The replacement vessel is already 15-years-old
The UNDP did not announce at the time the identity of the Euronav tanker it had purchased, but speculation narrowed it down to a few contenders, with Kulaib later posting that the most likely candidate appeared to be the Nautica; he was not pleased.
His main issue was that at 15-years-old, the Nautica was already well on its way to being too old:
If a future sale of the tanker was desired, its chances of being snapped up were diminished because of its age and perceived usefulness to any prospective purchaser; it may just end up being sold as scrap.
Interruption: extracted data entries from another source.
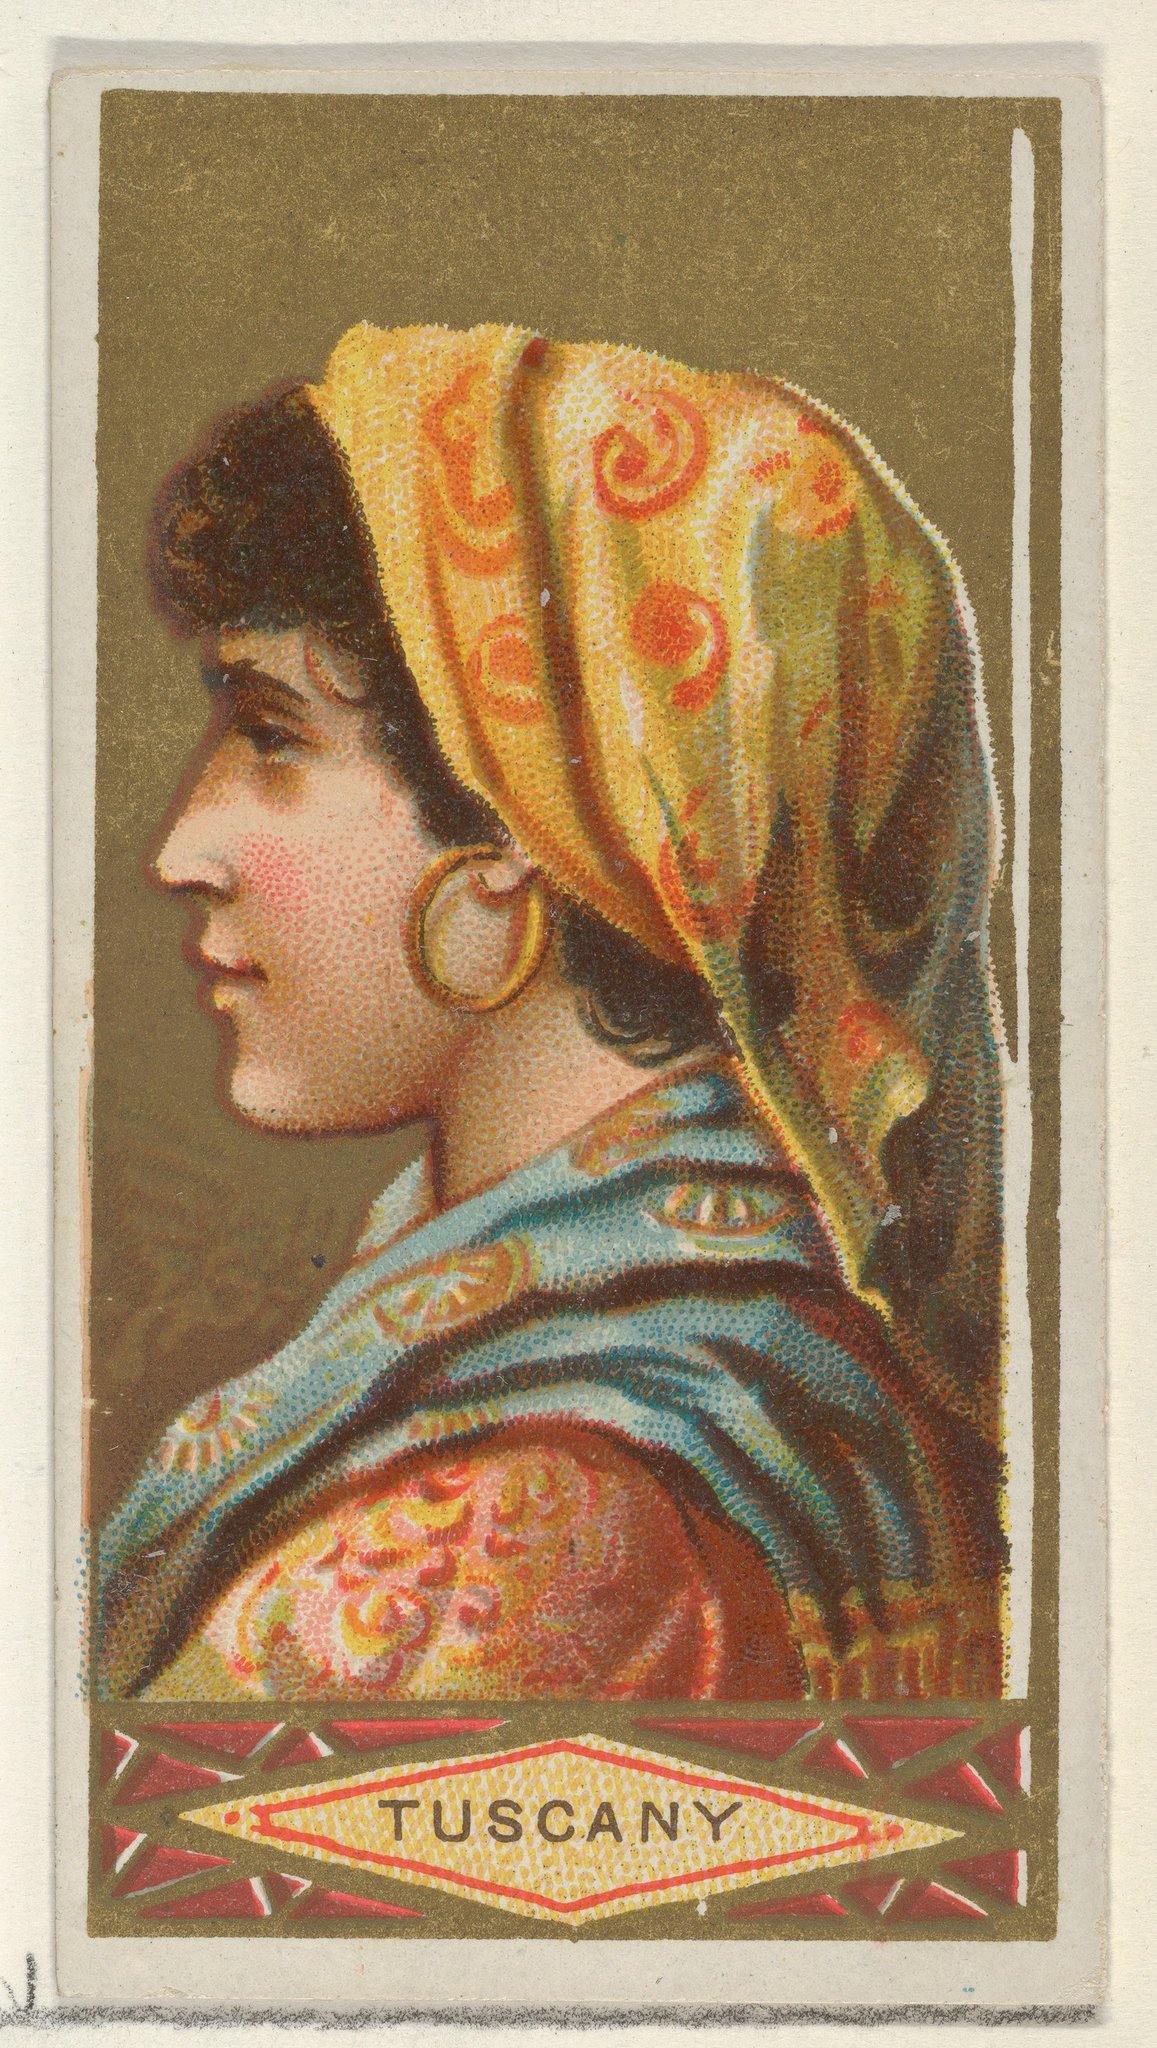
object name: print
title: Tuscany, from the Types of All Nations series (N24) for Allen & Ginter Cigarettes
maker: allen & ginter
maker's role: publisher
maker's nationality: american
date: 1889
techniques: color lithograph
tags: profiles,women

He said that “[m]ost countries in the world prevent tankers over 20 years old from entering their ports in order to preserve the safety of their environment and ports”, and went on to cite the example of Abu Dhabi and India (although noting the latter has a 25 year limit).
With modern ships being more vulnerable to corrosion, having a 15-year-old tanker meant that its useful life was already well on its way to being reached.
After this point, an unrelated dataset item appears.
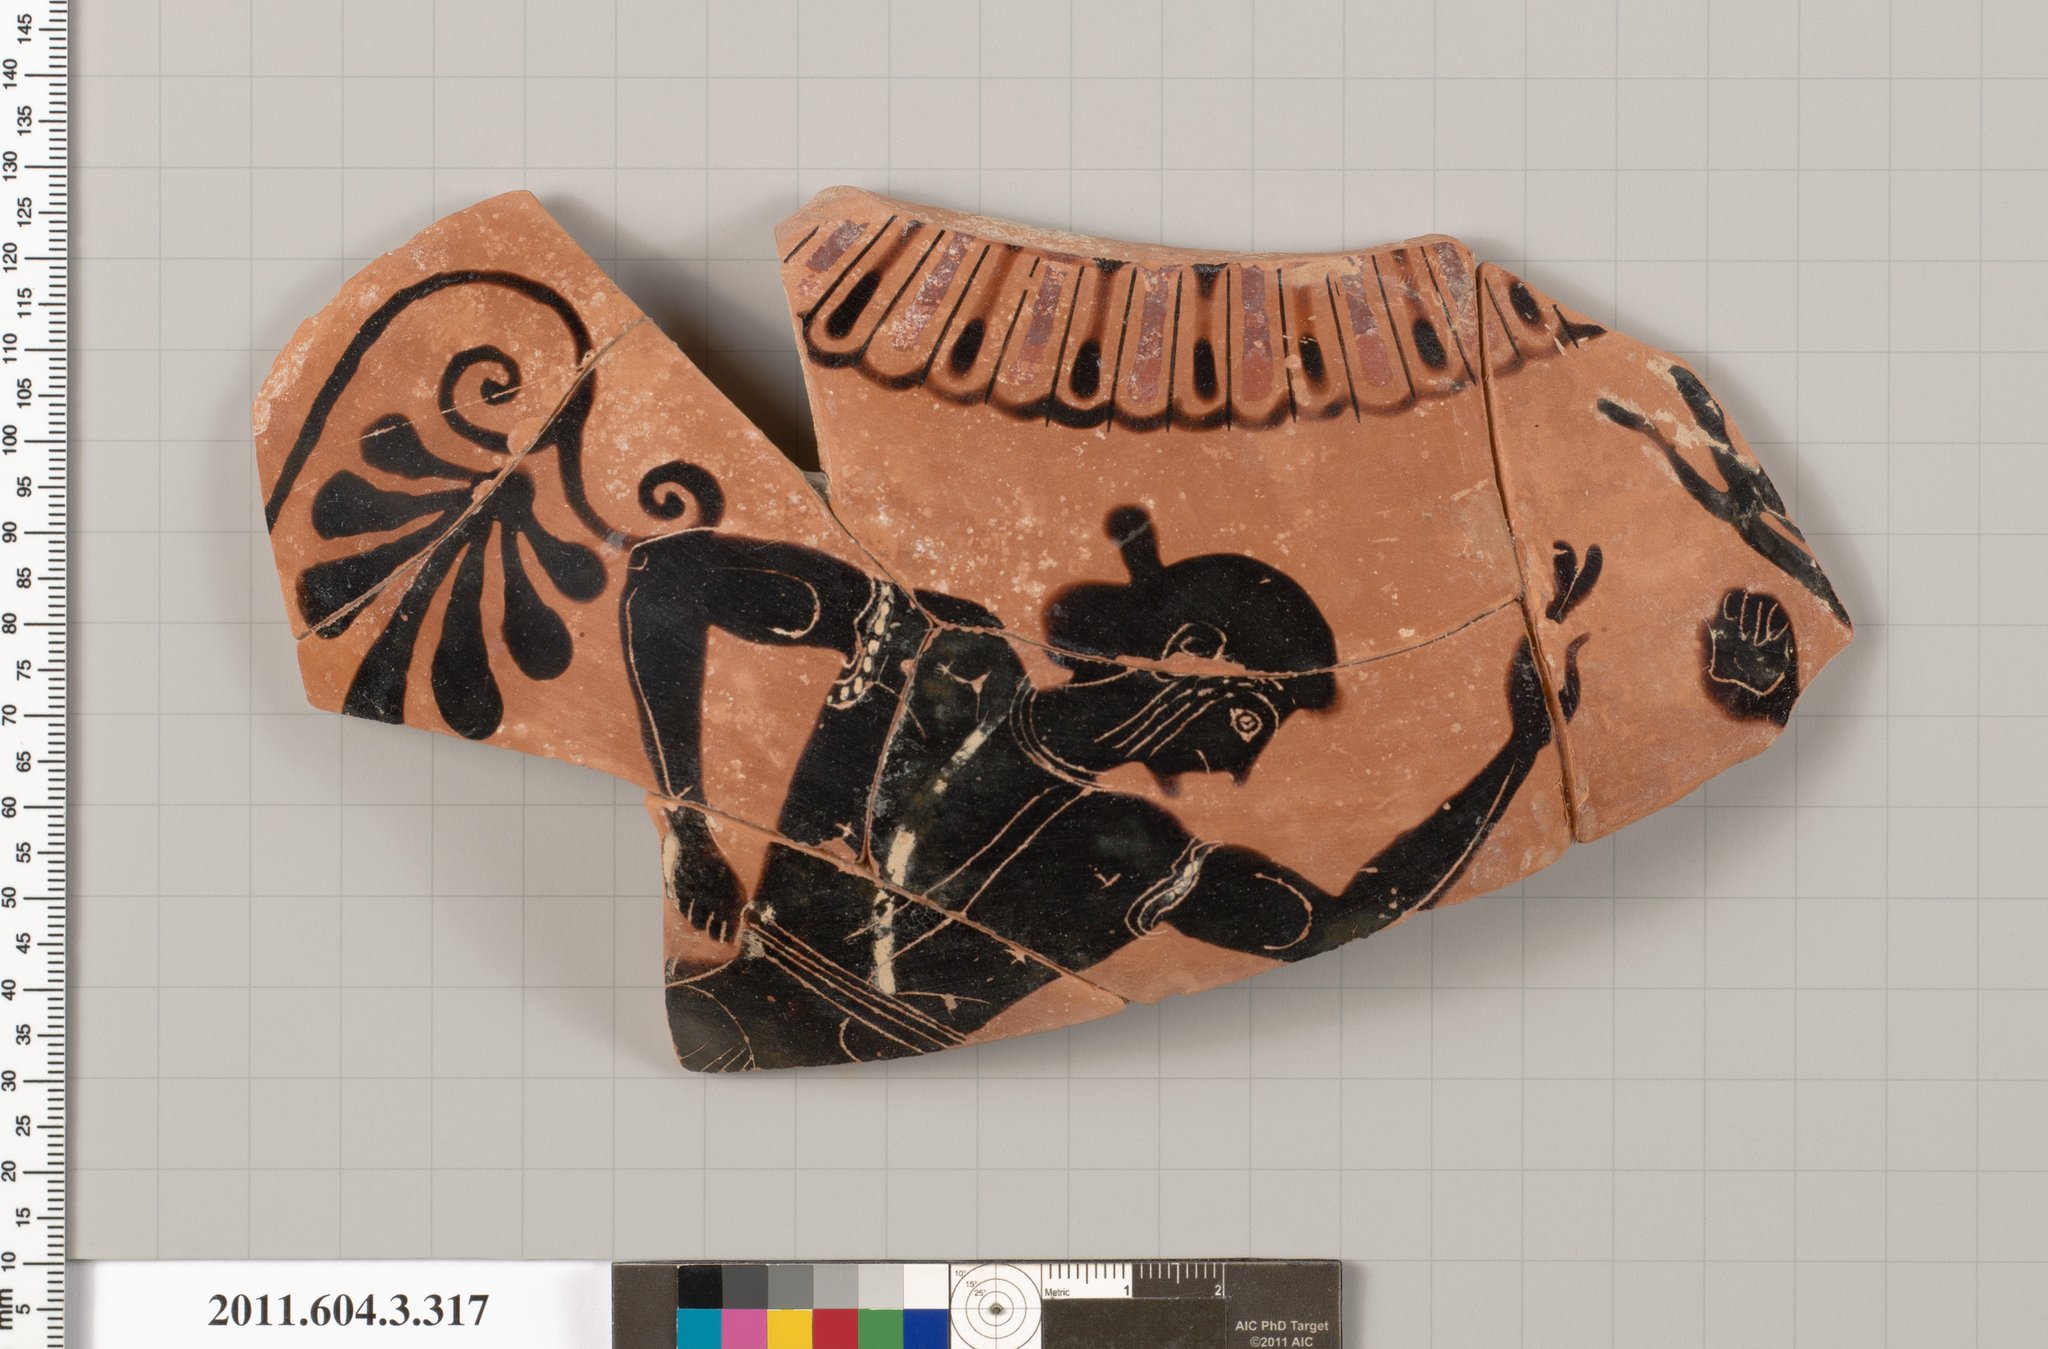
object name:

The priority should have been to sell the oil, not spend a lot of money
In April, with promising signs around a potential future formal ceasefire, Kulaib laid out what he would like to see occur, reiterating what he saw as the flaws in the UN approach.
Because the UN had gone down the path of securing a replacement vessel, which he says is not really fit for purpose for the offloading of oil, what will remain will be a high cost operational scenario with the potential to become another Safer.
Instead, the priority should have been to sell the oil, most of which belongs to the Yemeni government, and get it away from the area. With his main concern with the Safer being the lack of inert gases on board rather than the thickness of the hull or how the oil had been stored, he wanted to see an inert gas generator installed on board to stabilise the cargo. Other types of inspections could take place to ensure that from a safety perspective the Safer was ready for oil to be sold once agreement had been obtained. The sale could be facilitated through companies in the region, to the wider global market. Once empty of its contents, the danger would then go away.
And just under a week ago, Kulaib reported that the current set of inspections by SMIT Salvage had returned good results on the condition of the Safer for any oil transfer:
The thickness of the steel was within the safety range as he had previously intimated it would be.
The percentage of oxygen in the tanks was only 2% after the injection of inert gas and does not exceed the standard 8%.
He praised the local crew who had maintained with little resources the condition of the Safer.
He has not changed his position on the UN Operational Plan.
There is still a long way to go
Whether it would have been possible to carry out the operation exactly as Ahmed Kulaib wished, with all of the political realities behind getting an agreement in place amongst all parties to the Yemen conflict, is probably now a moot point.
But his criticisms do point to the challenges that the UN operation will face even when they have managed to transfer the oil onto a younger vessel, not a small feat in itself. The oil will still remain in the area until it can be sold, pending agreement between the relevant parties, the latter no small feat either. How the replacement Nautica will handle the Red Sea conditions if the sale drags on remains to be seen. Lasting peace is still not guaranteed either.
Long-time observers and activists following the FSO Safer story are warning that while a lot of hard work has gone into getting to where we are, now is not the time for complacency for the campaign. As long as the oil remains on the water, it is still in danger of spilling into the Red Sea with devastating consequences for the region, environment and indeed the world.